Также показательно выуживаю свой новенький телефон. Нахожу «мерзкий тип» и жму «вызов», через несколько секунд раздается тихое жужжание — вибросигнал.
Игнат спокойно мажет пальцем по экрану:
— Да, — приложив телефон к уху, глядит в упор на меня.
Вот теперь совсем гадко становится:
— Позвони маме, — держу себя в руках, обливаясь холодом. — Она очень волнуется, — пауза. — Надеюсь, Штык поправится, — не дожидаясь ответа, сбрасываю звонок. Бесстрастно убираю мобильный обратно: — Идиот ты, Селиверстов, — роняю устало и, досадливо мотнув головой, опять собираюсь на выход.
— Иди-иди, — желчно в спину. — К…Херу своему, к монголу, — голос скрипит — понимаю, что Игнат поднимается. — Играйте в треугольники, я очередным углом многогранника не желаю быть!
— А тебе разве было предложено? — все же нервишки сдают. Вот зря затеваю бессмысленную перепалку, но меня откровенно бесит пьянь, которая гуляет налево-направо, убивает низостью поступков и при этом смеет мне тыкать в мои! Берусь за ручку входной двери.
— Больно нужно! — глубоко из кухни. — Вали прочь! У меня таких как ты… — с насмешкой и хмельной бравадой.
Меня переполняют негодование и обида. Порывисто оборачиваюсь и чуть не взвизгиваю, когда едва ли не втыкаюсь лицом в грудь Игната. Сосед стоит впритык, покачивается. Вскидываю подбородок, принимая вызов. Он зло пилит взглядом, нависая горой, будто раздумывает поцеловать, обнюхать или на ушко… гадость шепнуть. Отступаю, упираясь затылком в дверь.
— Не смей, — бурчу, не в силах отвести глаз от склоняющегося ко мне Игната, ведь хочу… несмотря на перегар, несмотря на помятость и жгущую обиду… Несмотря на злость и опасность, хочу его… Хотя бы губ. Болезненно мечтаю о поцелуе.
— Что не сметь? — кривая ухмылка, будто сосед уже прочитал мои грязные мысли и сейчас смакует свою негласную победу и мое неозвученное поражение.
— Целовать меня, — с легкой заминкой выдаю первую версию из предположенных.
— Иначе? — безлико.
— Сделаю больно, — смехотворно предостерегаю.

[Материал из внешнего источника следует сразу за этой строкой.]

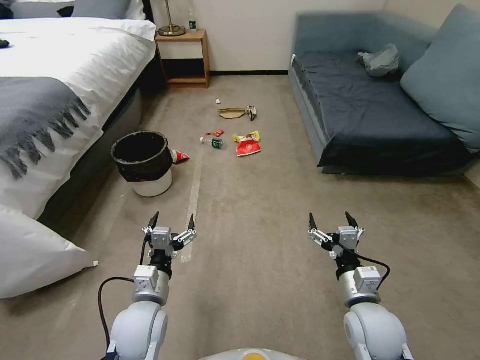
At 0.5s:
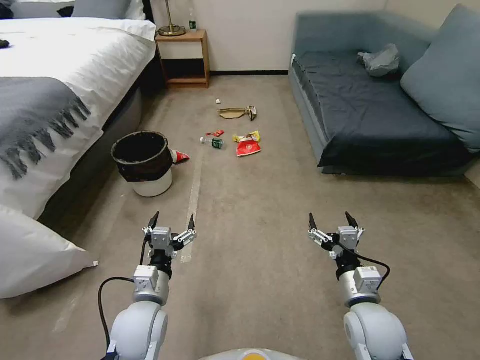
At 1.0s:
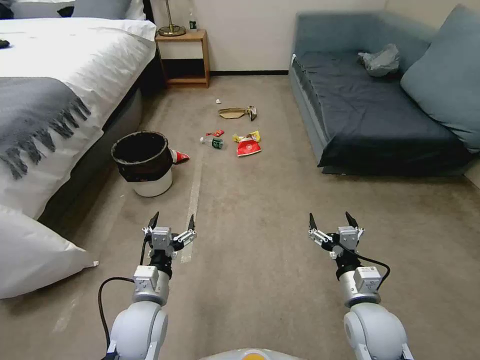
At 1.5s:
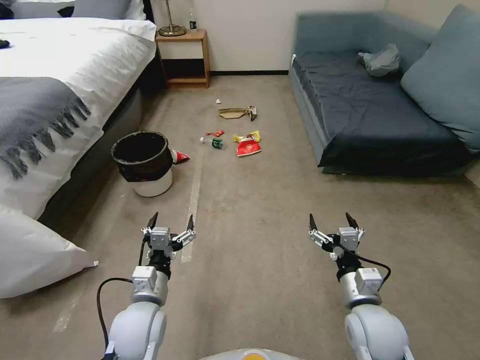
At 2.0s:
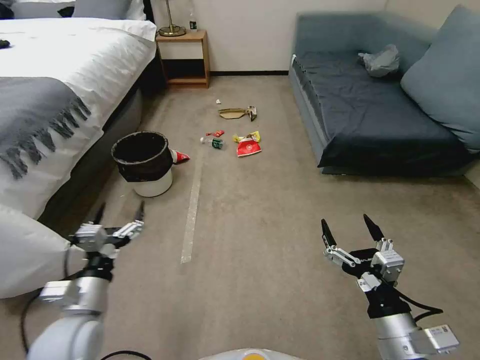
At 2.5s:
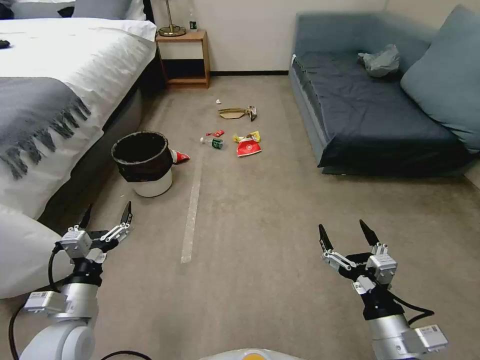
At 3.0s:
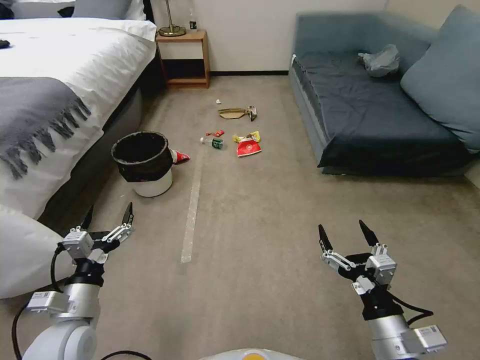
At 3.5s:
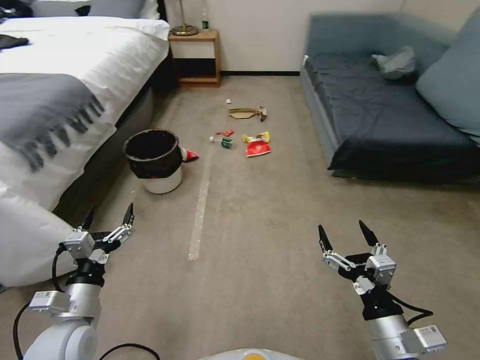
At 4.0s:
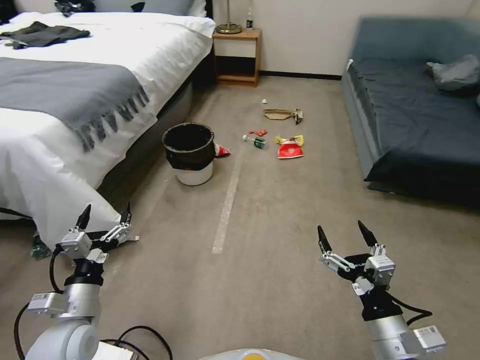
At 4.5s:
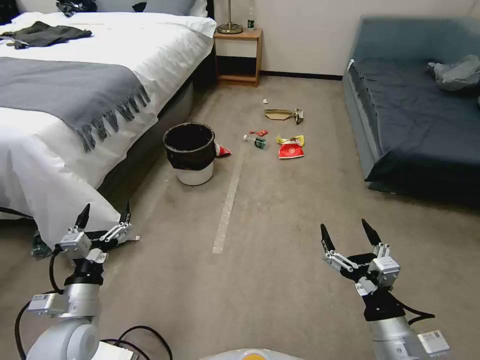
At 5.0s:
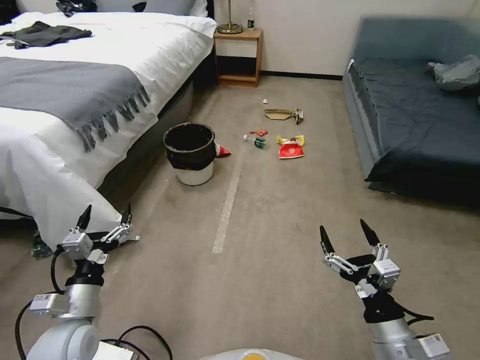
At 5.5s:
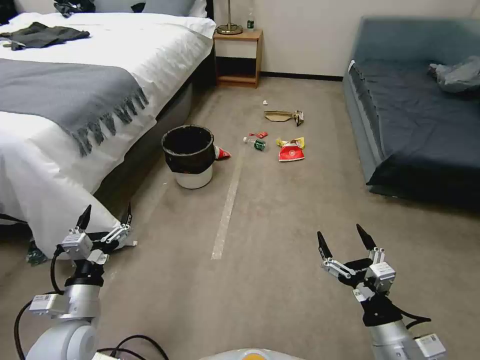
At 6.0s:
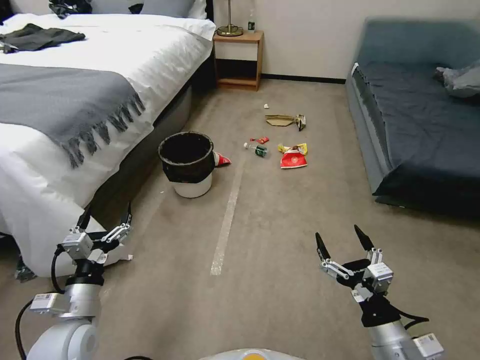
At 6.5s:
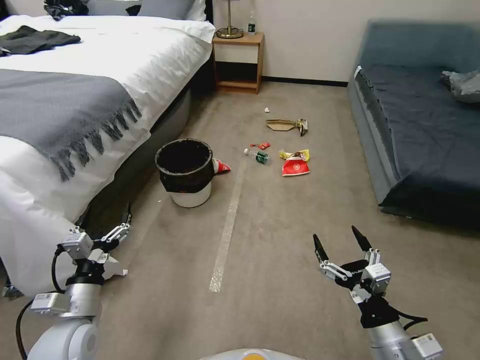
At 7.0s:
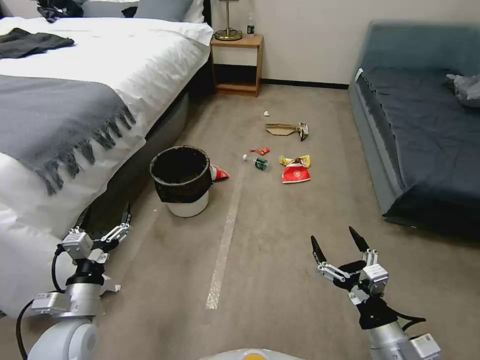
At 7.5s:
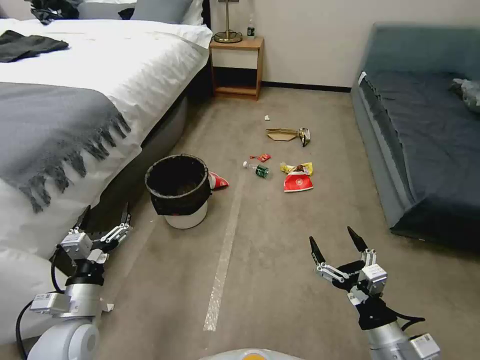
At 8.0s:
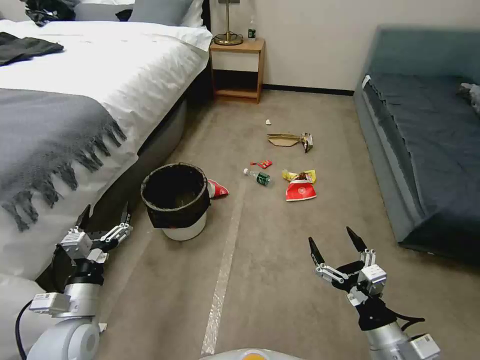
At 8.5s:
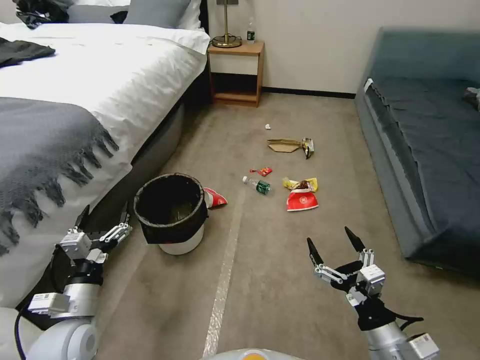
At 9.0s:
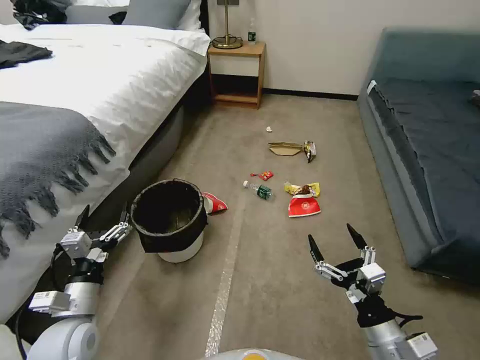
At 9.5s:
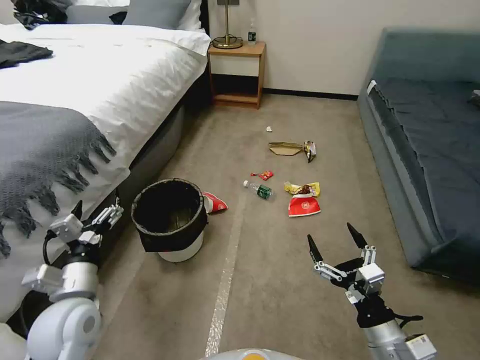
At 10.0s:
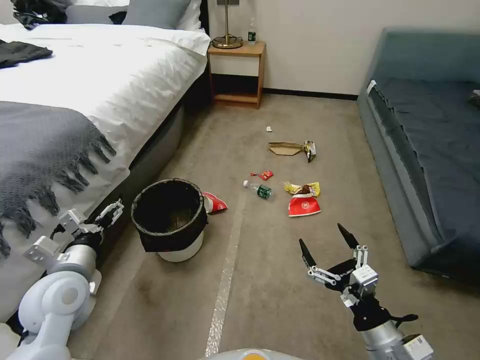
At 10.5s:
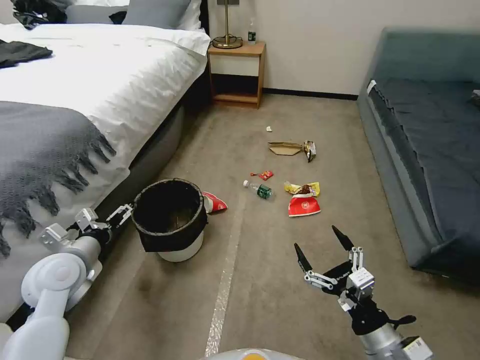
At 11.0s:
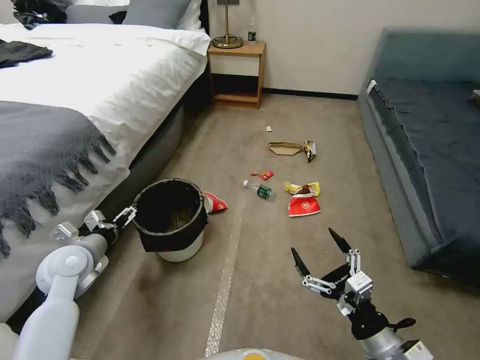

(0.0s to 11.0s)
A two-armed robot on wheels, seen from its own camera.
Task of the whole recording: Pick up the trash can from the floor.
9.0s - 11.0s: The left gripper shifts roughly 10 cm forward.

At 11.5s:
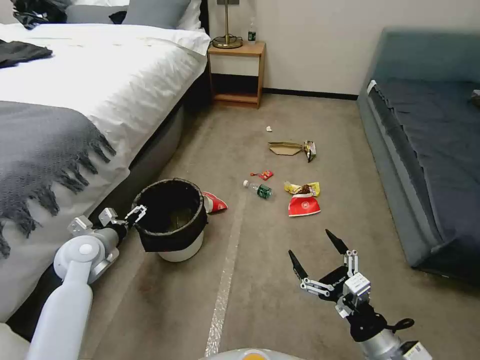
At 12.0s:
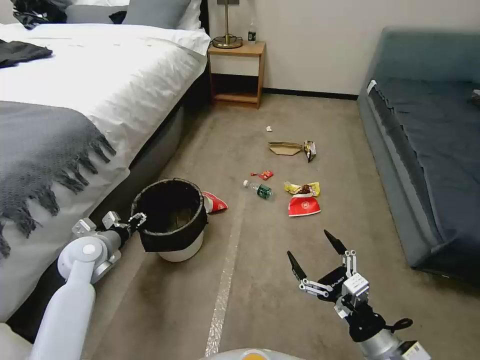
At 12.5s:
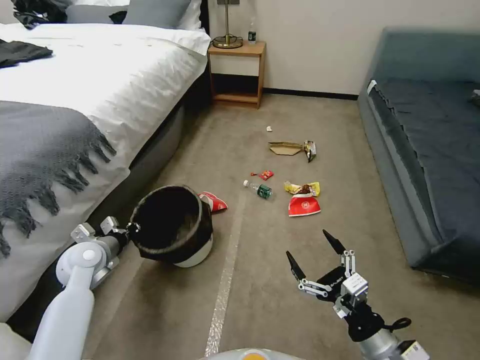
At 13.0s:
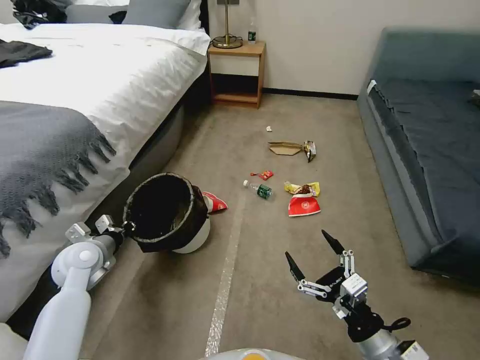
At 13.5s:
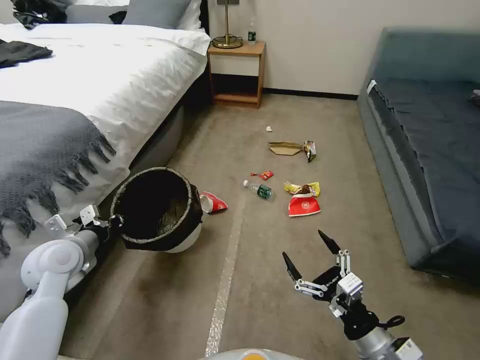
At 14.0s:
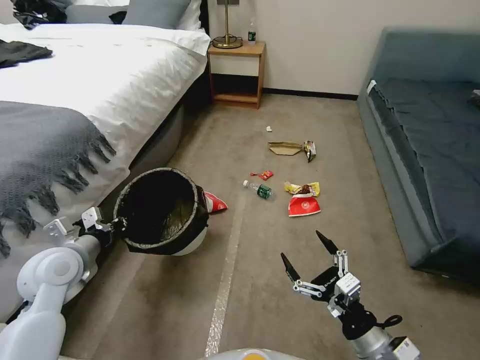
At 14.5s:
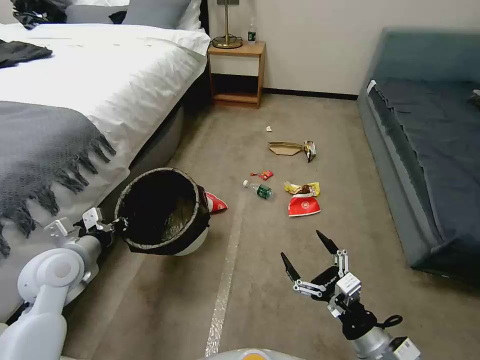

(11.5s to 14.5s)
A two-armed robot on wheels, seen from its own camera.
Task of the whole recording: Pick up the trash can from the floor.
11.5s - 13.0s: The left gripper closes.
13.0s - 14.5s: The left gripper travels upward by about 5 cm.

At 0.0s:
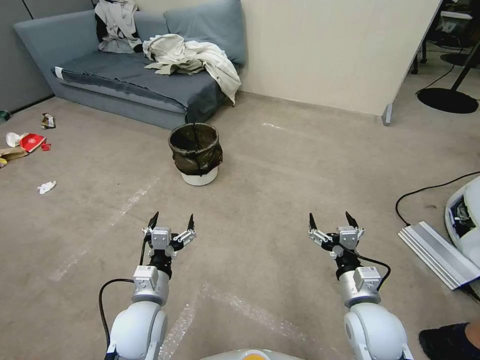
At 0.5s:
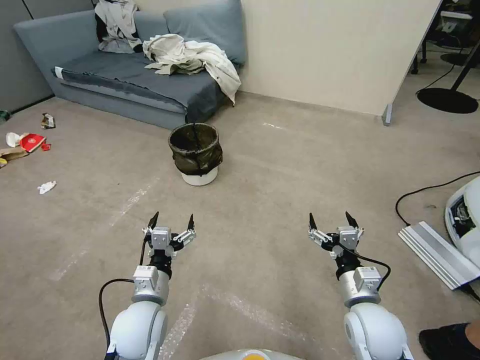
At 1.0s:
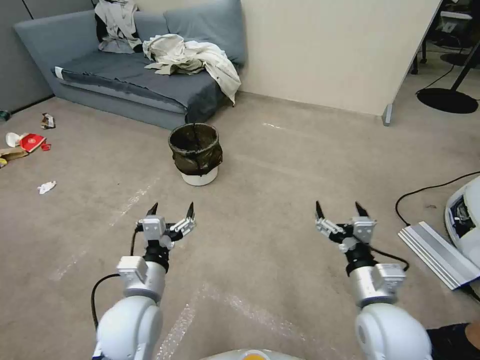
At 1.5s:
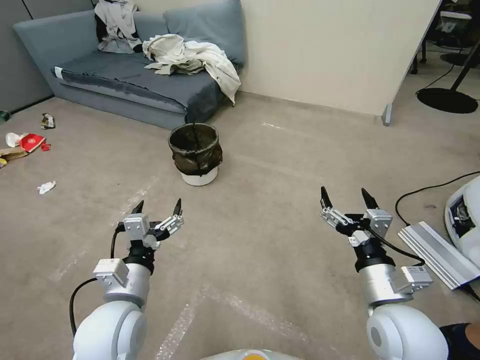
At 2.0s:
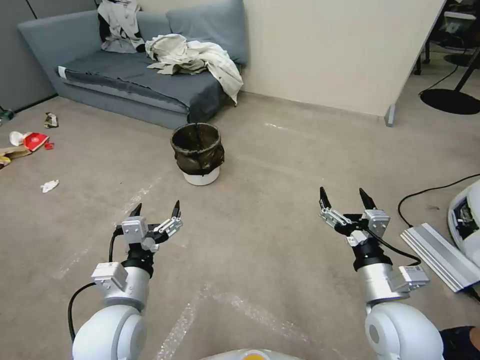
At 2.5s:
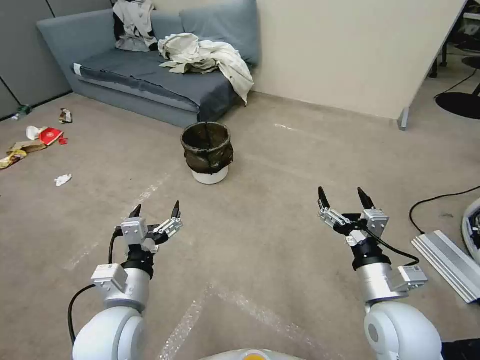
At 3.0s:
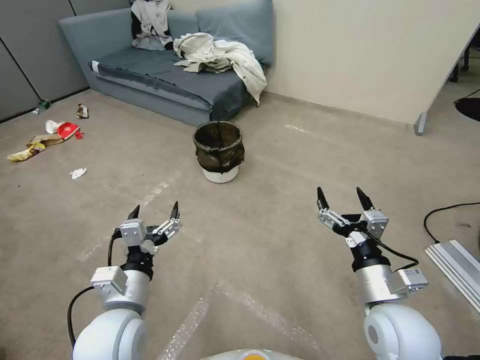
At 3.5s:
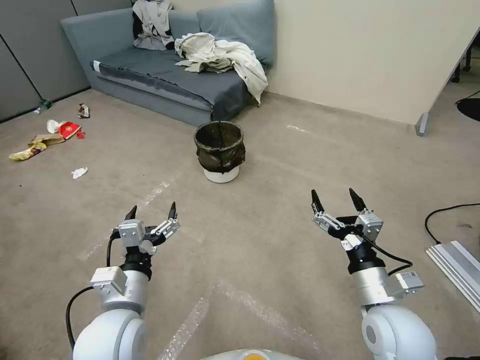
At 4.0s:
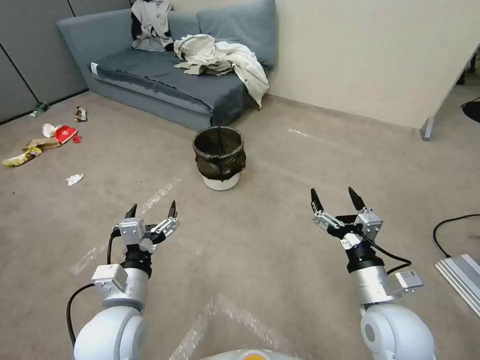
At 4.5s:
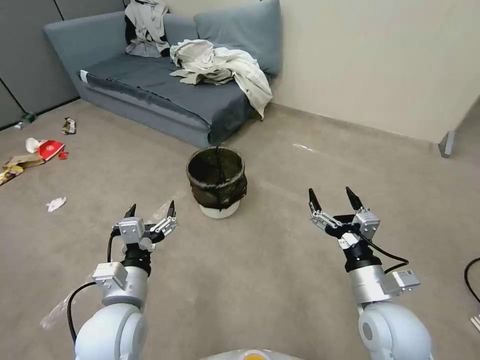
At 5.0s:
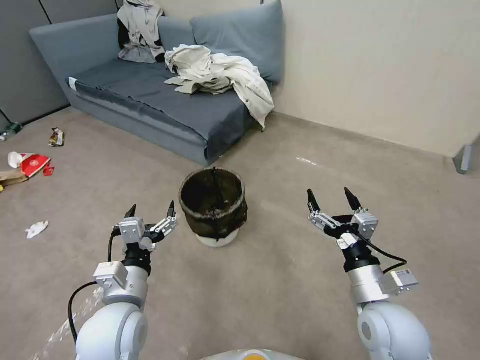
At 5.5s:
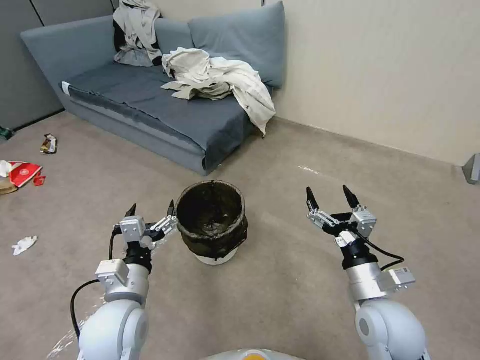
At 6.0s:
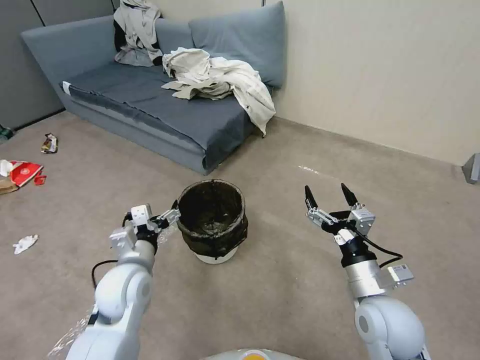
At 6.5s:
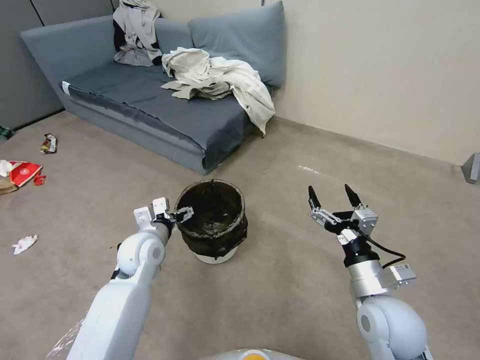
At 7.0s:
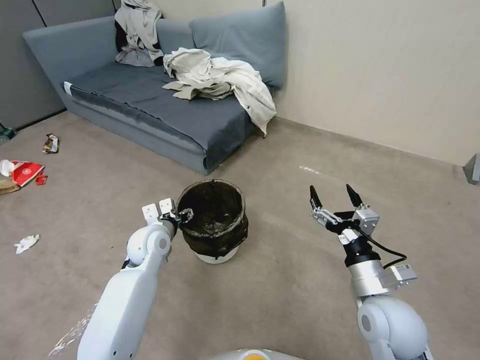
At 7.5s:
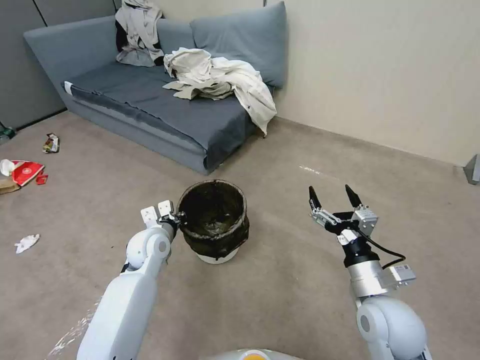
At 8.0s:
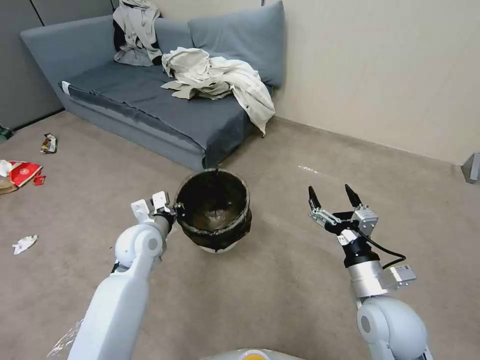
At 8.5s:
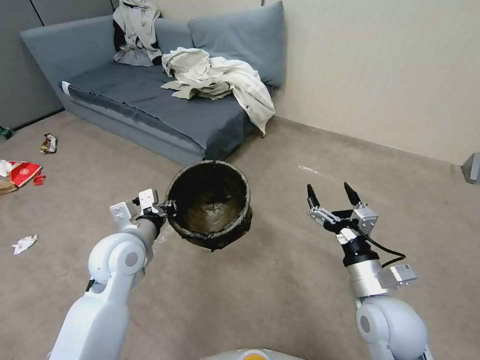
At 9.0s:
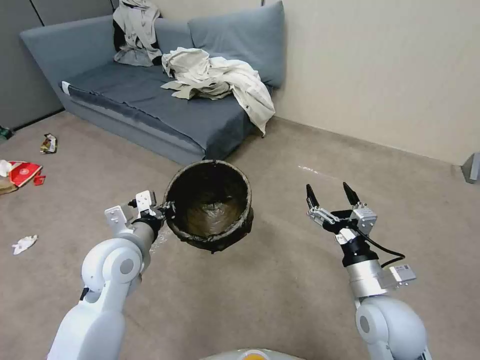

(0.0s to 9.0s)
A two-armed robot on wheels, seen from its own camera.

— Не поверишь, оказывается, я люблю боль… — протягивает охрипло и обжигает щеку губами, шершавыми от сухости, и от того так ярко ощутимыми на коже. Это взрыв какой-то. Швах… и я растекаюсь, расщепляюсь, распадаюсь на атомы и молекулы, впитывая чувства, которые дарит Игнат. Будто не коснулся, а утопил. Не нежно, а грубо. Не медленно, а рывком. Не удерживая, но сковывая.
Его губы и дыхание очерчивают круги, скользя к моим губам.
А я млею… как идиотка последняя, от жадности глотая каждую долю секунды близости. Уже почти не контролируя дурман, что голову ведет.
— Пусти, — срывается стон. На грани потерять сознание или, что хуже, наброситься на соседа, упираюсь руками в грудь Селиверстова. — Ты мне омерзителен! — лгу буднично, и вроде даже внушительно звучит.
— Омерзителен? — щурится Игнат. Небрежно хватает за подбородок, заставляя смотреть глаза в глаза: — Тогда на хрен пришла? Ты же горишь вся… Тебя трясет от возбуждения. И пахнет от тебя… похотью. Ты хочешь…
Да он совсем оборзел?! Особенно оборзел столь нагло вопиющую правду вот так категорично заявлять, будто я не имею права на другие чувства!
— Крутишься рядом, — вымученно гудит сквозь зубы, — другими манипулируешь, с ума сводишь, — бесстыдно и жадно втягивает мой запах, зарывшись носом в волосы на макушке.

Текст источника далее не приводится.